Mitch Fortunately the lathe was the same thing I use. I took each project home and sanded it in the evening because they didn't have dust collection at the school, at least not at the lathes.
The projects were sort of assigned. The first day he demo'd platters, I turned mine into sort of a deep platter/shallow bowl. The second day he demo'd bowls, I made 2 the one with the white interior and small foot that I turned 3/16" thick and the the small darker bowl. On Wednesday he demo'd boxes. I made 2 boxes and the scoop and wine stopper on that day. Thursday was the open vase piece. That one fought me because I really didn't bring the proper tools to hollow that deep or to measure that deep. Friday was the hollow vessel day so I made the southwest vesssel and turned it really thin. 
Mostly on these days I was trying to work on my turning skills. Getting cuts clean enough to only need slight sanding. The wood we used had a tendency to tear out so I got to practice putting wax on the wood and making a few really light final passes to clean up the cuts. It works very well. 
I highly suggest his workshop.


----------



## Mitch Cholewinski (Mar 11, 2007)

John think I would like to go to a class like this John. I wanted to mention one thing after your saying putting wax on the wood and making light cuts works good. Did you ever try applying a lot of paste wax to the turning and sand wood that is easy to tear and dry? Don't know what this wax does but it surely works good, and it doesn't affect the finish. Darrell Feltmate mentioned this on his site and I been doing it occasionally.
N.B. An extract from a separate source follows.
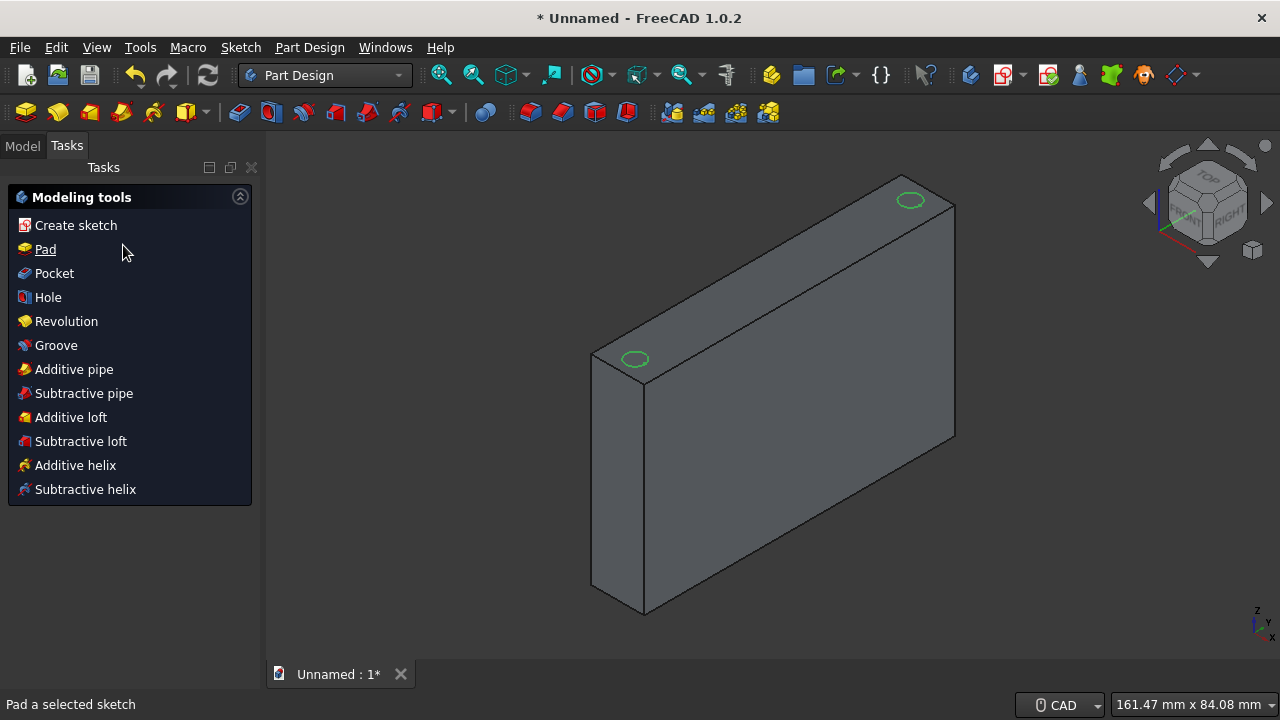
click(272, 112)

Once again, nice work John and thanks for posting this. Mitch


----------



## john lucas (Sep 18, 2007)

Mitch I've been using either wax or thinned lacquer to make the final cuts for years. Thinned lacquer works really well if you wait for it to harden but it can clog up sandpaper and isn't compatible with many finishes. I think the wax acts as a lubricant to make the cutting action more efficient. I don't know that for sure.
This is only the 4th workshop I've ever done. They have all been fun. If you really want to have a good time take a workshop at John C. Campbell folk school. It's like going to summer camp for adults. It is a great experience. There are a lot of other craft schools around and you will learn a lot from any of them but John Campbell gives you the total experience.
www.folkschool.org


----------